To avoid the complications caused by the removal of the grafted bone from the coracoid, this study used allograft bone from the scapular spine and the allograft pins to repair and reconstruct bony Bankart lesions of the shoulder joint. To avoid obtaining grafted bone from the coracoid, the complications and medical costs were decreased. In vitro biomechanics experiments were performed.
This study aimed to analyze the technique and biomechanical properties of transversely fixing a bone block from the scapular spine using bone allograft pins with suture threads to repair bony Bankart lesions.
Twenty-four fresh human shoulder joint specimens were randomized into a titanium alloy hollow screw repair group, an allograft pin repair group, and a normal control group, with eight shoulders in each group. Model establishment and repair were performed as required, and biomechanical testing was performed using the MTS Tytron 250 system.

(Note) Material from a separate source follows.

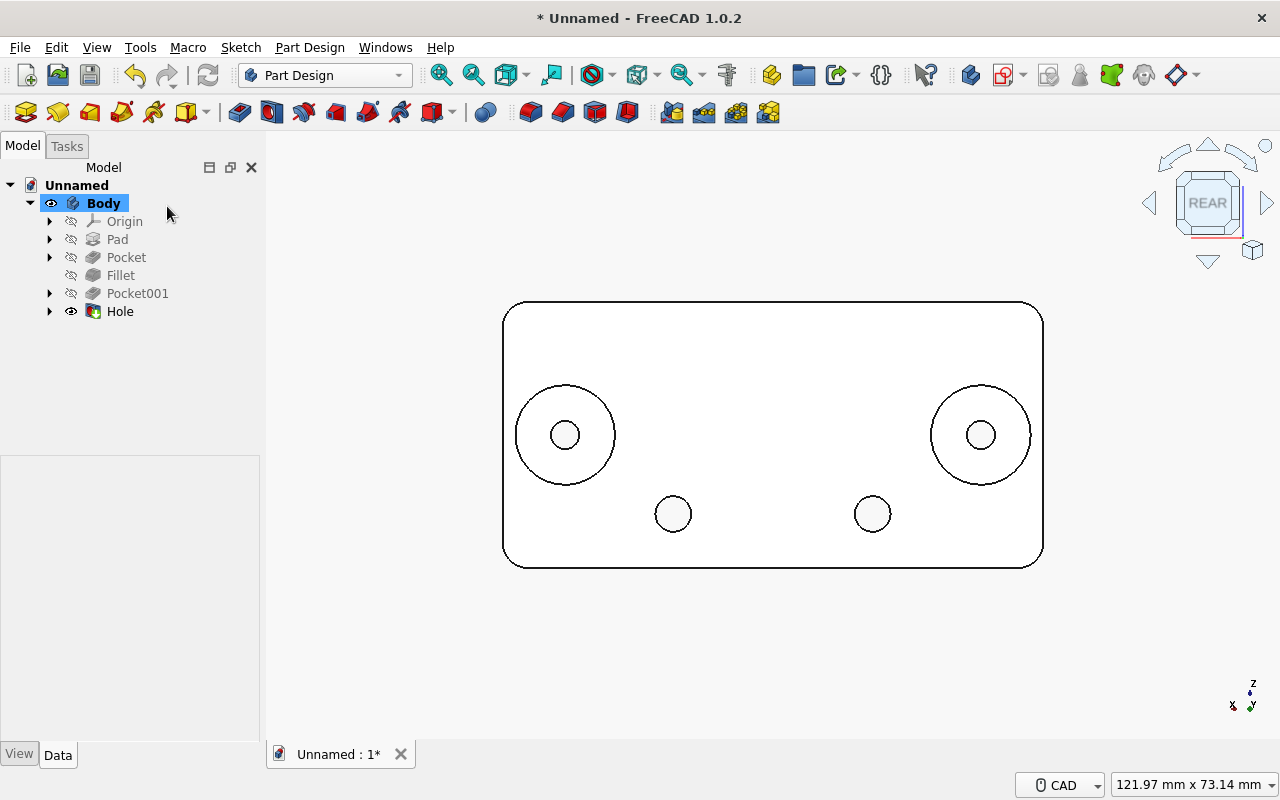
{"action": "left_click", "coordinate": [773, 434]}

When the angle of external rotation of the humerus was 0°, 30°, 60°, and 90°, with axials loads of 30 N, 40 N, and 50 N, the data of normal control group, allograft pin repair group, and titanium alloy hollow screw repair group, which revealed that there were no statistically significant differences among the three groups (P > 0.05).
The joints repaired with bone block from the scapular spine transversely fixed with allograft bony pins to repair bony Bankart lesions show good mechanical stability.
This new method is conducive to treating injury post-surgery, is feasible, reduces medical costs, and is expected to be popularized and applied in the clinic.